* Your objective
Which lines come from the start of the records through the line that holds "14. yoshi figurine <box>457,196,585,270</box>"? Write them out word for word.
--
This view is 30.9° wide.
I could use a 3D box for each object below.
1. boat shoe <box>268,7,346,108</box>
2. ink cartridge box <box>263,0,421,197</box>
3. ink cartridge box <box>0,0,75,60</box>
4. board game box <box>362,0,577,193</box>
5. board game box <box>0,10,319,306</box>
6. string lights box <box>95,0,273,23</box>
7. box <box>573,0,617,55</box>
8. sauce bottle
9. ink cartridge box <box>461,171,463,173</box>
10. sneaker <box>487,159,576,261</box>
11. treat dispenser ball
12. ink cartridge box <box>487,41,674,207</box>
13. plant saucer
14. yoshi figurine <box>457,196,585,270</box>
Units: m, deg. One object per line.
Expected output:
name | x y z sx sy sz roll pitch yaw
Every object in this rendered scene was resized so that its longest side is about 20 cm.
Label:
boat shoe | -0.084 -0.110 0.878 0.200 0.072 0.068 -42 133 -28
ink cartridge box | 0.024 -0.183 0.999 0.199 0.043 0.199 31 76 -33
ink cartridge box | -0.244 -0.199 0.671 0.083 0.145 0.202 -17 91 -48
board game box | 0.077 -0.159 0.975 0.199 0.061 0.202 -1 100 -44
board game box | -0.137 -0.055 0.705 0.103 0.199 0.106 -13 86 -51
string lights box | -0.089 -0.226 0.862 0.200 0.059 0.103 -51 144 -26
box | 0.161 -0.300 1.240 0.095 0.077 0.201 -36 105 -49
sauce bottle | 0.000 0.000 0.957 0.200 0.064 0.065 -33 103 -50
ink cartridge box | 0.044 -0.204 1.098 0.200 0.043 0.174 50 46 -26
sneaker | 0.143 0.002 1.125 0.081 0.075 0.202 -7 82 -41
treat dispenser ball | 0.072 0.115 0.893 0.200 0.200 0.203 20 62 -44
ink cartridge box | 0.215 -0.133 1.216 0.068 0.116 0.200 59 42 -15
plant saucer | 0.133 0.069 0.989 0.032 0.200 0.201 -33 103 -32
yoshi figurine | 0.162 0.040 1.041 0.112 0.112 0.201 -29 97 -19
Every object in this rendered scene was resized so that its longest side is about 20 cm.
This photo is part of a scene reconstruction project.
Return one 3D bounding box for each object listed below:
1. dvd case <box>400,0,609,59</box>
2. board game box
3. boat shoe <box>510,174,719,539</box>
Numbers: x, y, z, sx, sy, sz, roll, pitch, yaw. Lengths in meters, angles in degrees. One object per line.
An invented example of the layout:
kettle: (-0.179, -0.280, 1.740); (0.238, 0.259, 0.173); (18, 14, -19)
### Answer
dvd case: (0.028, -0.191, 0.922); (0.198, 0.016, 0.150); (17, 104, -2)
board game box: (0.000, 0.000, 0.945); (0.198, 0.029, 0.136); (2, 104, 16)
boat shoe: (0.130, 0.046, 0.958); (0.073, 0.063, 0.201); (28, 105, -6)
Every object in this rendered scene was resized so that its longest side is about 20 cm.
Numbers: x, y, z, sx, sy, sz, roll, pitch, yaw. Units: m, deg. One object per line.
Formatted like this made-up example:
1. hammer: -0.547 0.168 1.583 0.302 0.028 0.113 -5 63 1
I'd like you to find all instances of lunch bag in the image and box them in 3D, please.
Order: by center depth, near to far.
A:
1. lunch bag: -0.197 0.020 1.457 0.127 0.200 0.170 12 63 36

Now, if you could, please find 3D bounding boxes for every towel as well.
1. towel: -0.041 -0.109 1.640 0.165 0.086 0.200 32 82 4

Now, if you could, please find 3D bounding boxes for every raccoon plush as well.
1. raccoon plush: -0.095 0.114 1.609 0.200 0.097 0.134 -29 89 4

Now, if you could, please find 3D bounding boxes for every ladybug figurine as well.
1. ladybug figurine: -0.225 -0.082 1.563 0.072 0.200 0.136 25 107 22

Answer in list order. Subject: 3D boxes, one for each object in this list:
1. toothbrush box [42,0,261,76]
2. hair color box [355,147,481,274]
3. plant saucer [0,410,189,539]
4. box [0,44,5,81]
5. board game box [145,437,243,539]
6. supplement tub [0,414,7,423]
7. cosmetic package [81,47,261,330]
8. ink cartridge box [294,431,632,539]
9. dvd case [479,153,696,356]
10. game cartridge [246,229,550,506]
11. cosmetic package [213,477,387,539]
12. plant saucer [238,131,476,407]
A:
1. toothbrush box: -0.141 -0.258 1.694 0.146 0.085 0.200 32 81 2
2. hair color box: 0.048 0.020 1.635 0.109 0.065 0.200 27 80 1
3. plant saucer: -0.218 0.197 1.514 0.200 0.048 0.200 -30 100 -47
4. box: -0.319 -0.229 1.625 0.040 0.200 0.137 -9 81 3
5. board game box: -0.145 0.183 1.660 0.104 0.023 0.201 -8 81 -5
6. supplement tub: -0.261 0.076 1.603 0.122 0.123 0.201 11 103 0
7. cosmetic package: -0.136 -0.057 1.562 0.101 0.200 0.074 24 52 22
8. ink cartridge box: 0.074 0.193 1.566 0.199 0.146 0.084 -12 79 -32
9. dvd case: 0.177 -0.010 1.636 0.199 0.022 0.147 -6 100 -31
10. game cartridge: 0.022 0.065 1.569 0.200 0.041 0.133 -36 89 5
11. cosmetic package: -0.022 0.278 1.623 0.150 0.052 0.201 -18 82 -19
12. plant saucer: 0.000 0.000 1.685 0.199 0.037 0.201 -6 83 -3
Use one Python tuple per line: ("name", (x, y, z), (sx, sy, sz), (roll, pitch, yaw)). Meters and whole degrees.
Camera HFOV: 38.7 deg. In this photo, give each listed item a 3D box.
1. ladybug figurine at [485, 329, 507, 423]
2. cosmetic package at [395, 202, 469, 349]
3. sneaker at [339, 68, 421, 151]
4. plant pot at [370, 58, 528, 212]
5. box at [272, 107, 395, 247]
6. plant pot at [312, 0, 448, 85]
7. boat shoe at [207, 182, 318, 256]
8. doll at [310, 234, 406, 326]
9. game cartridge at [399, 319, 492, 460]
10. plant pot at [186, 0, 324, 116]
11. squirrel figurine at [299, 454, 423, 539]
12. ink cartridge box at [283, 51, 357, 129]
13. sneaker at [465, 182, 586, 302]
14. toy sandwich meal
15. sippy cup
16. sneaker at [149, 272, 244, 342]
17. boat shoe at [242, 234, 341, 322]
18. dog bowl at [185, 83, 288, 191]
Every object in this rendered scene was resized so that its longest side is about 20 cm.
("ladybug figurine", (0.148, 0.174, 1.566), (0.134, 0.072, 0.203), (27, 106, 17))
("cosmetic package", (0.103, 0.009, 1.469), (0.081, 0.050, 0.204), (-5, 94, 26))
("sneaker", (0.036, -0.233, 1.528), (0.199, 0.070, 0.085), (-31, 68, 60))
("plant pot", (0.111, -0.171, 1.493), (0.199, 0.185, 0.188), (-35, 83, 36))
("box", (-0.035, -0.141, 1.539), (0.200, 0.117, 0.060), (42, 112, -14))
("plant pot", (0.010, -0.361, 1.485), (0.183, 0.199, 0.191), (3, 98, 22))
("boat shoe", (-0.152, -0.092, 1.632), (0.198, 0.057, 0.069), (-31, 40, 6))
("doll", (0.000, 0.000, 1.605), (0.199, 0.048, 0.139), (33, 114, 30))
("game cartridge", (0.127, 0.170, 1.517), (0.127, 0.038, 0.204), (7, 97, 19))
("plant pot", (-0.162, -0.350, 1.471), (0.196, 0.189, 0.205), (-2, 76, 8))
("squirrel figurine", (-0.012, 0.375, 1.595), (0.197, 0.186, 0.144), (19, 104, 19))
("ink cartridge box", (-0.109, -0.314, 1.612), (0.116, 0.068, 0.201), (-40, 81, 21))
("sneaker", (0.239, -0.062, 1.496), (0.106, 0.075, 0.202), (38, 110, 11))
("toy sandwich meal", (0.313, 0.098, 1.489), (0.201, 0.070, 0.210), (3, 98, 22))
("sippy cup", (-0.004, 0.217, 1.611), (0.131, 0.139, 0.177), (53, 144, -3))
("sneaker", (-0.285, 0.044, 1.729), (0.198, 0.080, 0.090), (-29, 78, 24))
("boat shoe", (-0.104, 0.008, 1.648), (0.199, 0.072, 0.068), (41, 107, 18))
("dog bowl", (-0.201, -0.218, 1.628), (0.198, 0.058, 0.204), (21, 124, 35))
--
* Result
This view is 30.9° wide.
I could use a 3D box for each object below.
1. boat shoe <box>268,7,346,108</box>
2. ink cartridge box <box>263,0,421,197</box>
3. ink cartridge box <box>0,0,75,60</box>
4. board game box <box>362,0,577,193</box>
5. board game box <box>0,10,319,306</box>
6. string lights box <box>95,0,273,23</box>
7. box <box>573,0,617,55</box>
8. sauce bottle
9. ink cartridge box <box>461,171,463,173</box>
10. sneaker <box>487,159,576,261</box>
11. treat dispenser ball
12. ink cartridge box <box>487,41,674,207</box>
13. plant saucer
14. yoshi figurine <box>457,196,585,270</box>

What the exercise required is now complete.